My total tax load is well above 50% if I include employer share he pays for me. That's a on very conservative bottom quartile IT salary. Far far from the USA ones. And then there is VAT which I won't even tray to include. I'm so thrilled to start paying 100%+ tax for OBI (Other's Basic Income) :) .
I think this is legitimate concern that a lot of well paying jobs will essentially ruin prospects of more upscale services.
Real question: who honestly believes that labor is going away? Throughout history, technologists have promised that increased efficiency will mean that people can work fewer hours—or not at all. But it has never materialized. Not during the Industrial Revolution, not in the 1950s, not during the dawn of the Information Age. What makes us so confident that "this time it's different?"
The comparison to slavery is apt. With increased surveillance and austerity measures, workers are being turned into underpaid labor with the constant threat of losing their livelihoods. Coupled with anti-union departments like Human Resources, there is no better way to describe the job market in 2026. Simply put, it's techno feudalism and we are the new slaves.

The worst part is that they think we're naive. Corporations think we don't know that they're undergoing surveillance through illegal methods. That we are complying because the mafia they hired to curtail unions are precise instead of engaging in widespread fear mongering. I'm so sick of all of this.

Society has managed a transition from gold to fiat and also towards a world where the majority live paycheque to paycheque and still diligently work ever harder.

...I think this challenge too will be overcome in some dystopian fashion

"Agents"

Humans will be cut off from work and will be on a forever UBI system that you will have to be spending tokens as currency for basic services /s.

The AI industry, and arguably at this point the tech industry as a whole, isn't concerned with sustainability, as long as they can profit today tomorrow is tomorrow's problem. Who will buy the services, where will data for AI training come from, these are perfectly valid questions but they're questions that don't have an immediate effect on profit, so easier to ignore it until we can't apparently.
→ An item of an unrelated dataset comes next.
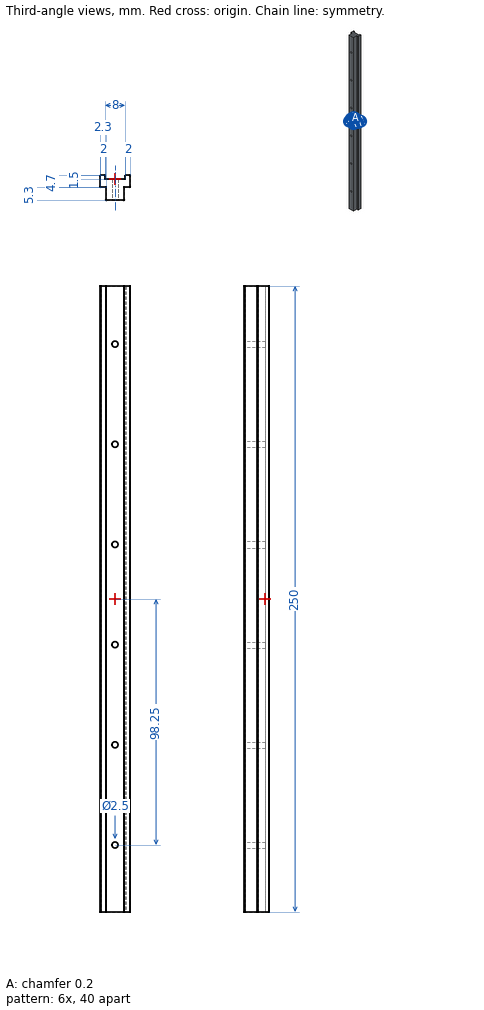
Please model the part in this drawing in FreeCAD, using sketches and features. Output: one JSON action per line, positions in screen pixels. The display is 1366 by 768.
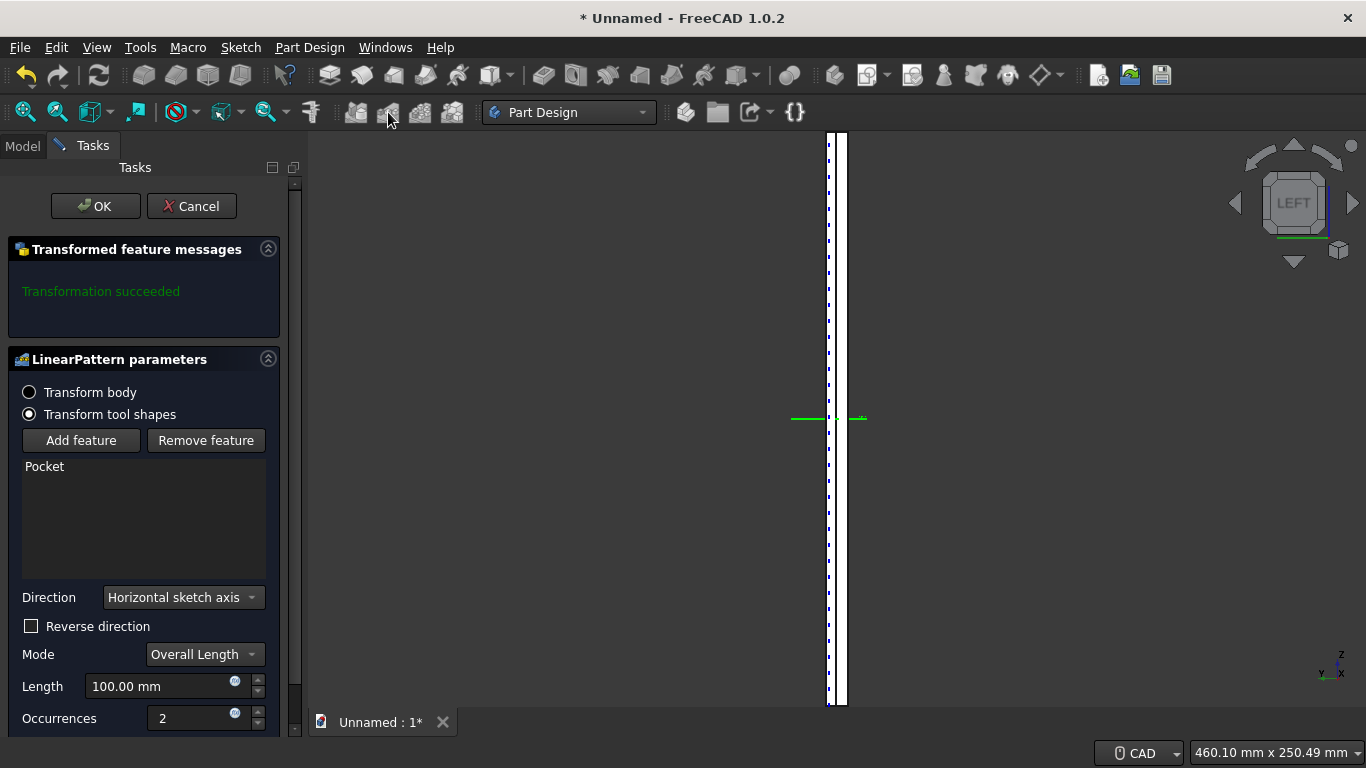
{"action": "left_click", "coordinate": [184, 598]}

The same could be said about environmental concerns. It'll be a lot cheaper to deal with today than deal with when it becomes a problem, but its easier to ignore that and collect the cash from oil and gas whilst its going

> "Once the rockets are up, who cares where they come down?

> That's not my department!" says Wernher von Braun

It’s not tech or AI, it’s unregulated capitalism.
"I'll be gone, you'll be gone" - Wall Street phrase.
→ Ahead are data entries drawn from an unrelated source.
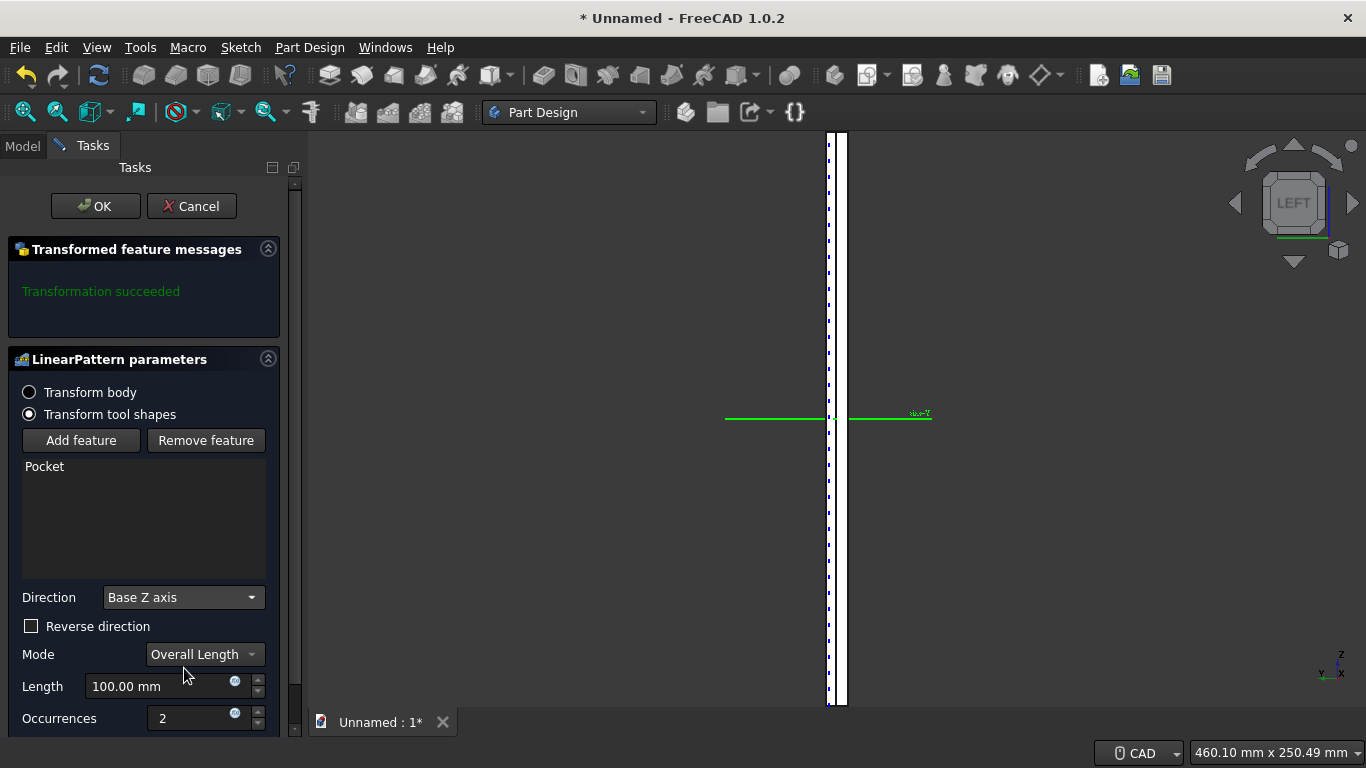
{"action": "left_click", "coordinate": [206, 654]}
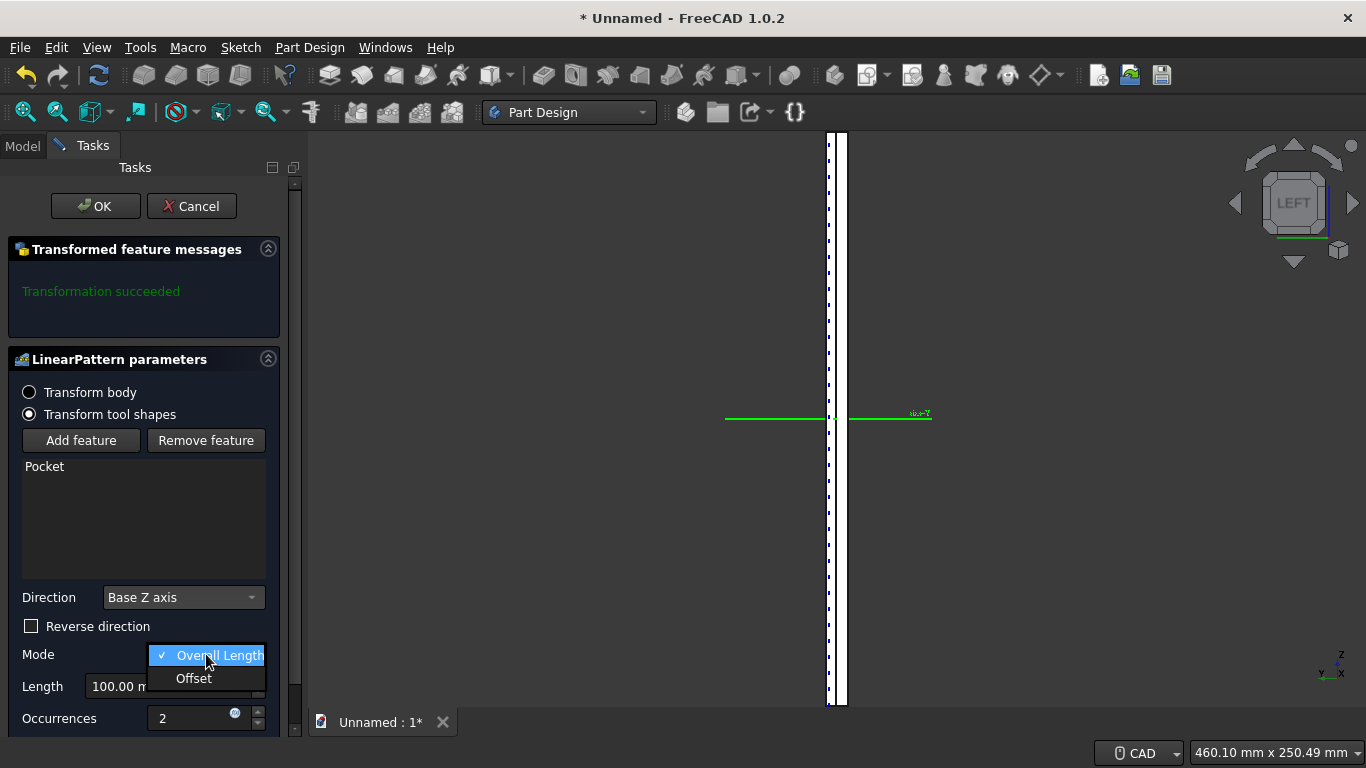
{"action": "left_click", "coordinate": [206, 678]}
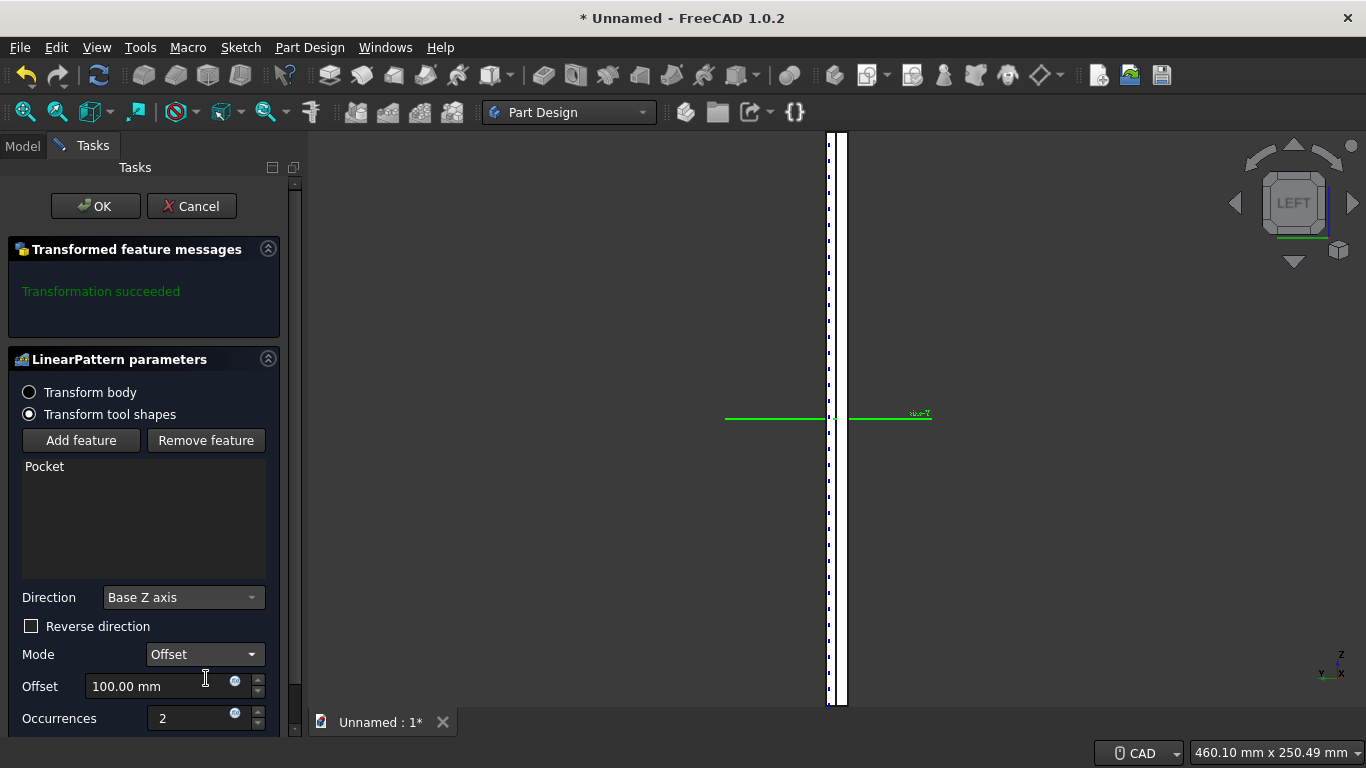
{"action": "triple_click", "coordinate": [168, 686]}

"Markets can remain irrational longer than you can remain solvent.” - J.M. Keynes

Wealth and Power are linked, but power is the goal for the wealthy, not the wealth itself. The moment the relationship of wealth and power is uncoupled, they will discard it in favor of whatever comes next in their accumulation of power.

It is incredibly naive to think that the way things currently are is the way things will be. There is significant reason to believe that after enough concentration of power, there would be no reason for them to continue to participate in traditional economics as we know them.

On the bright side, history shows us that powerful people tend to concentrate power up to the point in which they start to believe themselves as some sort of god-like being. At which point they are reliably proven they are not. The Sword of Damocles hangs above all of them.

People are confused.

The circular trade deals we see during the AI boom where companies basically pass around the same pile of cash to each other and grow their valuations is a preview of what’s to come. They are normalizing a world of less consumers.

Wealthy people and corporations will just pass money to each other back and forth through deals and contracts. The underclass will be shut out.

NGMI companies will fight for scraps from these poor underclass consumers, until they ultimately starve.

The world will just be left with big megacorps and their machines. Wealthy titans will digitize their souls and keep their image alive in perpetuity, long after their body has decayed to bones.